James Gurd is Executive Director of Conservative Friends of Israel.
It’s only when you walk around somewhere like Kfar Aza that you begin to truly grasp the scale of devastation and horror unleashed by Hamas on 7 October.
It confronts you the moment you drive into the kibbutz. Homes burned to the ground. Wall calendars stuck on October 2023. One of the streets had even become known as the “street of death”, with its young residents butchered in nearly every home.
Hamas’ tactics recalled the depravity of ISIS, with homes set alight as terrified residents sheltered in their safe rooms and the premeditated use of rape as a weapon of war.
This was the story of just one community.
Like many others, I had woken on 7 October to the shocking footage of Hamas gunmen firing indiscriminately from a pick-up truck in the Israeli city of Sderot. It was something previously thought impossible.
Sderot – like Kfar Aza – is a place Conservative Friends of Israel have taken many parliamentary groups to visit. Sderot is now a ghost town; its 30,000 residents only numbering a couple of thousand. It was chilling to see the former police station which Hamas had brutally seized, now razed to the ground.
The IDF showed us the weapons Hamas used that day. It was a well-planned attack, with explosive devices customised in Gaza to fit the precise shape of the security fence along the border. Large quantities of Russian machine guns were displayed alongside Iranian drones.
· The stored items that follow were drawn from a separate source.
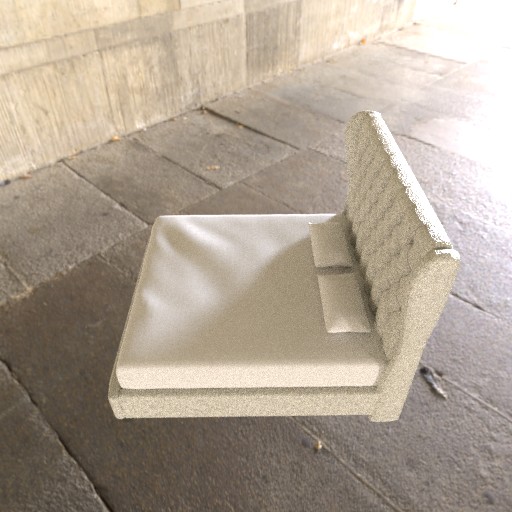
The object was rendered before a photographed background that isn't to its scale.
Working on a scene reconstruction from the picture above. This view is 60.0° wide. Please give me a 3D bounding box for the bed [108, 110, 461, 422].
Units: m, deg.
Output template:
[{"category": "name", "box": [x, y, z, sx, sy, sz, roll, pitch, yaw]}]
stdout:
[{"category": "bed", "box": [0.000, 0.000, 3.886, 2.347, 1.771, 2.219, -1, 40, -1]}]
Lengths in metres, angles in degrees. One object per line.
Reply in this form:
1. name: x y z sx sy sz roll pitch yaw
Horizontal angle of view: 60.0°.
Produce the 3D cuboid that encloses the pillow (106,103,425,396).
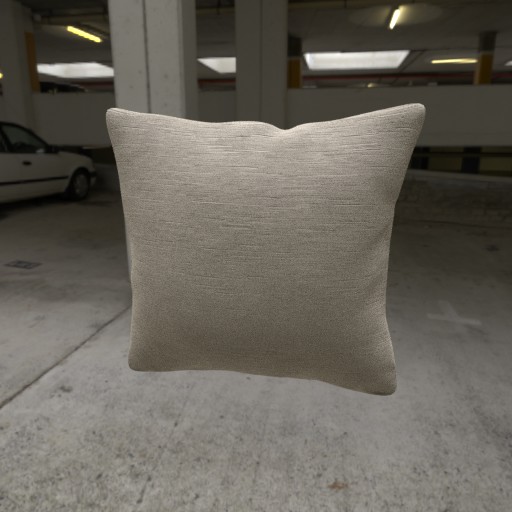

Hamas had even used advanced Chinese weaponry, including grenade launchers. Questions remain whether Chinese arms were provided via Iran, but it’s clear evidence of China’s preparedness to challenge our allies and interests.
Conservative Friends of Israel had been set to fly to Israel on the 8 October with a group of MPs. We’d planned to visit Israel’s northern border with Lebanon to better understand the danger posed by Hezbollah and its 150,000 missiles.
CFI’s visits to Israel’s south had been fewer in recent years as attention had turned northwards. Within Israel’s security establishment, the threat posed by Hamas in Gaza was thought to be greatly diminished. Hamas was apparently more interested in stability and entrenching its control. It had sat out a recent outbreak of violence when Palestinian Islamic Jihad fired hundreds of rockets at Israel.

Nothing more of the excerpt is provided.